A pilot's skill now depended on flying ability as well as on timing and careful control of fire.
Renowned pilots such as Albert Ball and Ernst Udet built their reputations on this combined mastery.
At the same time, the synch gear influenced public perception. Fighter aces often captured public attention in newspapers and on recruiting posters.
Pilots such as Manfred von Richthofen became widely celebrated as national heroes.
Yet very few civilians knew that their victories depended on a small, hidden mechanism of interlocking cams and gears, with additional linkages buried inside the engine housing.

After the war, air ministries studied the innovations that had shifted air combat, which meant that the synchronisation gear stayed common on most fighters throughout the 1920s and early 1930s.
Engine and gun designers gradually improved their systems to match higher rates of fire and faster rotation speeds.
For planes that retained propeller-driven nose-mounted engines, synchronised guns offered one of the best combinations of accuracy and compact firepower.

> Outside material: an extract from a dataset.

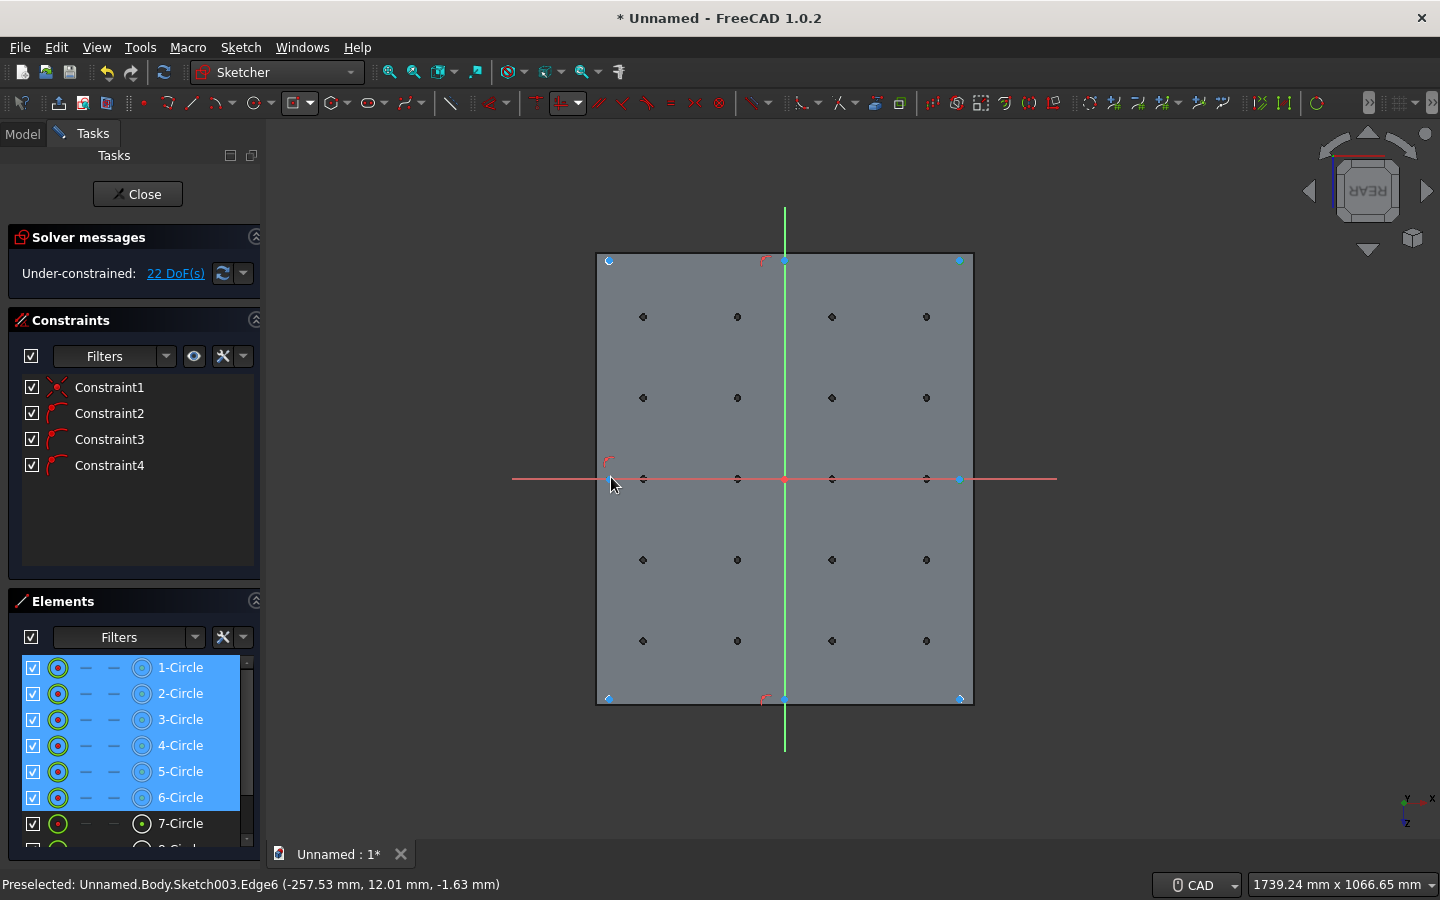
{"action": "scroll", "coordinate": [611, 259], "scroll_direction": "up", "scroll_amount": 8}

For example, the Soviet Polikarpov I-16 and early German Bf 109 models retained such armament.
However, as aircraft speeds had increased and metal frames had replaced wood, designers began to move guns away from the nose.
Wing-mounted weapons usually allowed larger magazines, tighter shot patterns, and easier maintenance.
Still, synchronised guns did not completely disappear, as the Soviet Yak-3 and early German Bf 109s both retained weapons that fired through the propeller arc.
These designs, which helped to balance central firepower with wing-mounted support, showed the continuing practical value of the interrupter gear.
Eventually, the arrival of jet propulsion largely eliminated the need for synchronisation systems, and, as such, engines shifted to the rear of the aircraft and designers placed guns in the nose or fuselage without interference.
The old propeller problem effectively vanished. However, the synchronisation gear showed how engineers could connect parts of the engine that moved to weapons, an idea that later helped designers combine guns and electronic controls in modern military aircraft.
The interrupter gear had allowed pilots to engage more directly, attack more confidently, and rely more on careful aim rather than guesswork.
It pushed aviation into a new stage, one where engineering and combat experience had to work together.
Without that invention, the fighter plane might have stayed an awkward experiment instead of becoming the dominant weapon of the skies.